New strategies of biosensing can be considered to tackle this issue. One of them relies on indirect sensing by transforming the molecule of interest into a detectable one. Such strategy has been successfully used with the help of enzymes to transform a key metabolite such as L-tyrosine (13) or L-DOPA (14) into pigments and thus allowing high-throughput screening of overproducers. The same strategy can also be employed to transform the molecule of interest into a molecule for which a genetically-encoded biosensor is available (15,16). We recently demonstrated that this approach could be attempted in a systematic fashion by combining information on the available biosensors and automatic design of enzymatic networks. This led to the development of five new whole-cell biosensors for pollutants (parathion, 2C4NP), biomarker (hippuric acid) and drugs (cocain, nitroglycerin) (17).

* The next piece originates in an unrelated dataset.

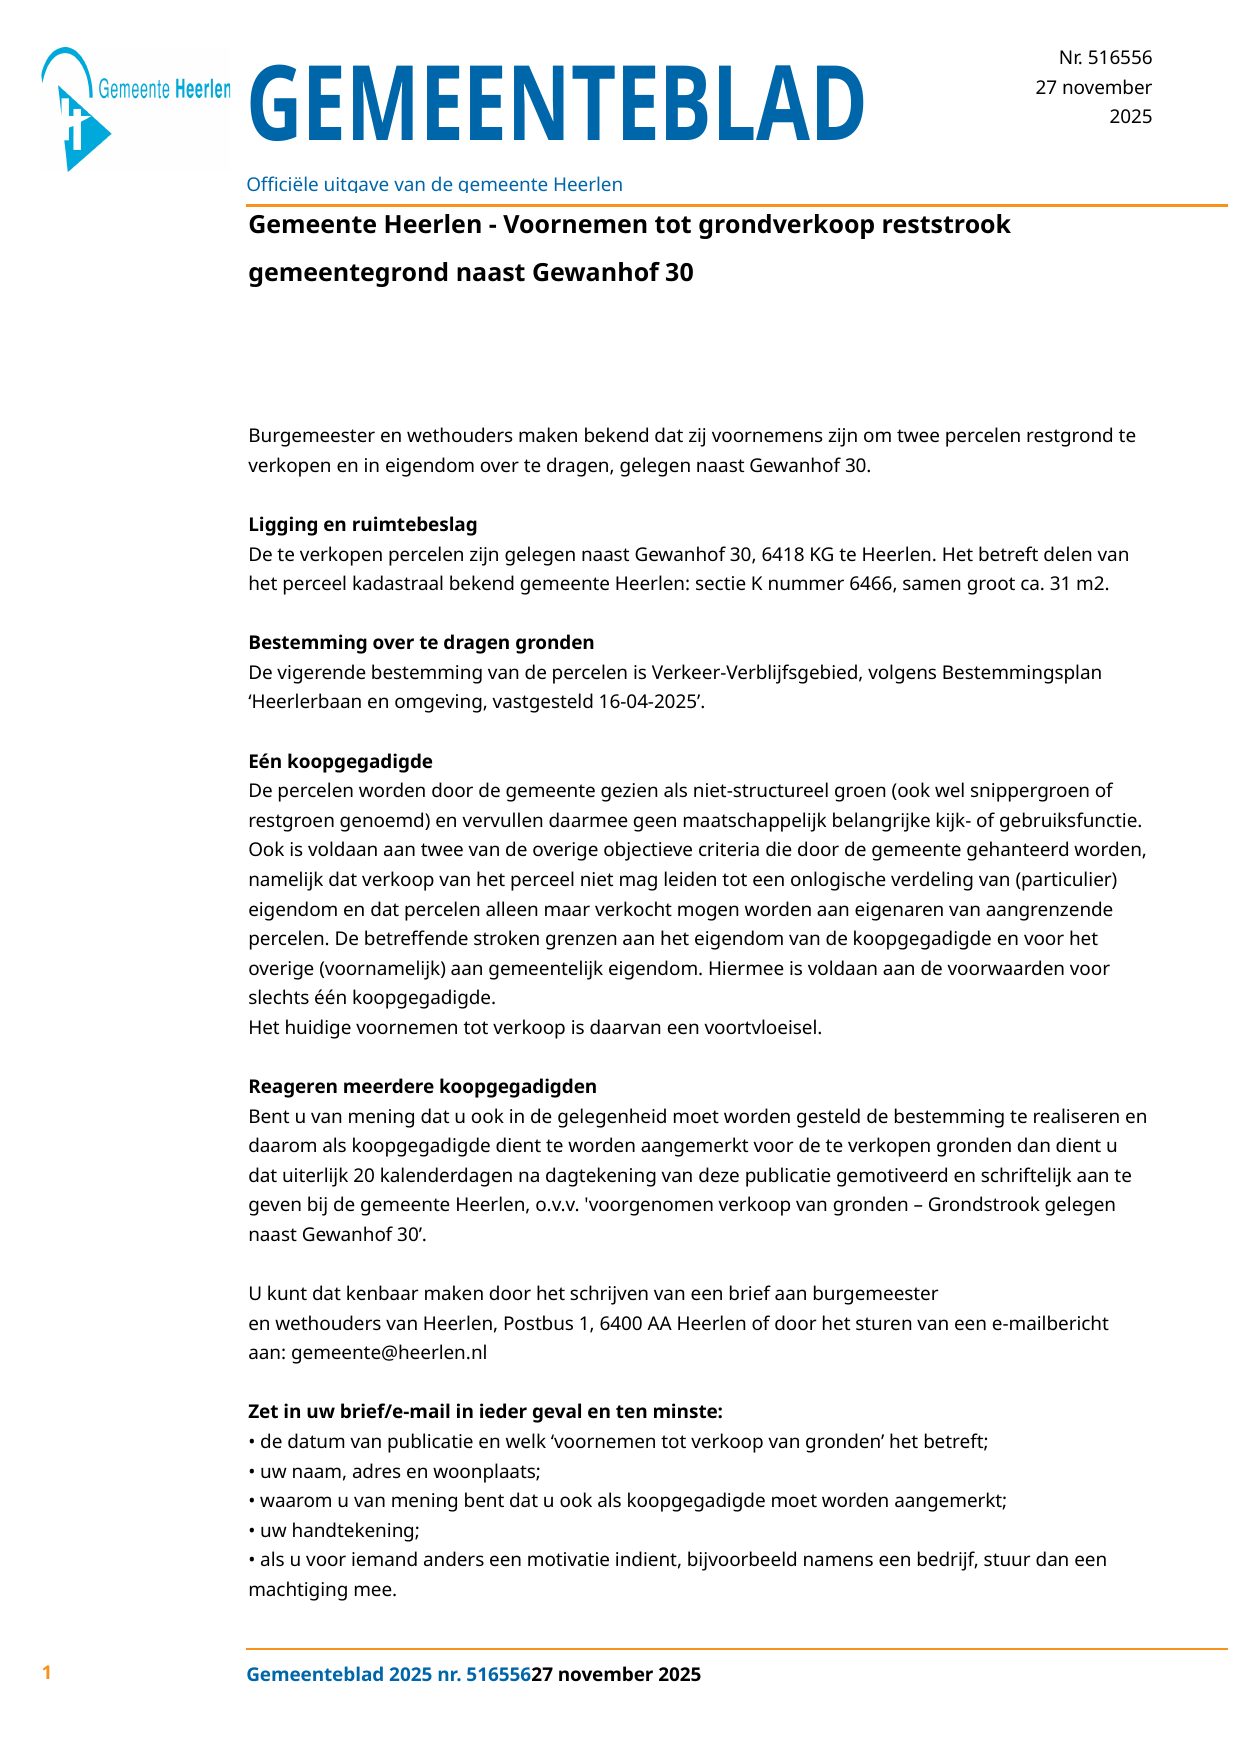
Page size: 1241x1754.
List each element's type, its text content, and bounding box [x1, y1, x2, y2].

In order to open this untapped source of biosensors for synthetic biologists, we hereby present SensiPath (http://sensipath.micalis.fr), a web-based tool assisting the design of sensing-enabling metabolic pathways (SEMPs). SensiPath will serve users wishing to perform cell-mediated detection of a compound when no direct-sensing solution is feasible. The primary objective of SensiPath, thus, is to enlarge the number of detectable compounds for synthetic biology applications. The algorithms we implemented to simulate biochemical reactions are derived from the well-tested RetroPath (18). It notably allows to take advantage of enzymatic promiscuity, i.e. the ability that enzymes have to process structurally similar substrates, thus yielding more results. SensiPath is built from a comprehensive list of more than 100 000 compounds and 87 000 reactions from four metabolic databases, covering most of the known metabolism. We also collected a large dataset of more than 500 detectable compounds for which intracellular biosensors exist from several gene expression regulation databases, focusing our search on allosteric transcription factors.

MATERIALS AND METHODS

Figure 1 shows an overview of how SensiPath works, the details are exposed in the following subsections. SensiPath is based on a comprehensive internal database of biochemical reactions and compounds encoded as chemical signatures. Once a compound query is submitted, it performs a search in order to find a match against all the enzymatic reactions that we have collected in our database. The search is carried out in order to predict reachable compounds from the target. This search generates a metabolic graph at up to two enzymatic steps away from the target, in which nodes are compounds and edges are reactions. Detectable compounds are identified and annotated by a score of similarity based on searching against the list of known detectable compounds in the database. For later reference, all SensiPath sources in its current online version are available on FigShare (https://dx.doi.org/10.6084/m9.figshare.3144616.v1) in addition of our list of detectable compounds (https://dx.doi.org/10.6084/m9.figshare.3144715.v1).

Figure 1.

Figure 1.

SensiPath flowchart. Users query a target compound (blue), either as an external database identifier or as a standard InChi. Target is processed to gather reachable compounds through enzymatic reactions; detectable compounds are annotated (green). Results are displayed both as (a) the set of pathways leading to recognized detectable compounds; and (b) the whole computed graph around the target.

Source databases

SensiPath predictions are based on imported data from metabolic and gene expression regulation databases. We gathered data from multiple sources to cover most of available knowledge in current databases.

Reactions

Known biochemical reactions were extracted from main common reaction databases (Rhea (v66, http://www.rhea-db.org) (19), MetaCyc (v19.1, http://metacyc.org) (20), BRENDA (v15.2, http://www.brenda-enzymes.info) (21) as well as from a more specialized database, the Biocatalysis/Biodegradation Database (http://eawag-bbd.ethz.ch, accessed in December 2015) (22). We considered only reactions for which structures of all reactants were available, fully defined and valid. Overall, we collected more than 100 000 compounds and 87 000 reactions with references to external databases.

Detectable compounds

We gathered a list of 504 putative detectable compounds focusing our search on effectors of allosteric transcription factors from prokaryotes. Data were collected from several gene expression regulation databases: RegulonDB (v9.0, http://regulondb.ccg.unam.mx) (23), RegPrecise (v4, http://regprecise.lbl.gov) (24), RegTransBase (v7, http://regtransbase.lbl.gov) (25) and BioNemo (v6.0, http://bionemo.bioinfo.cnio.es) (26).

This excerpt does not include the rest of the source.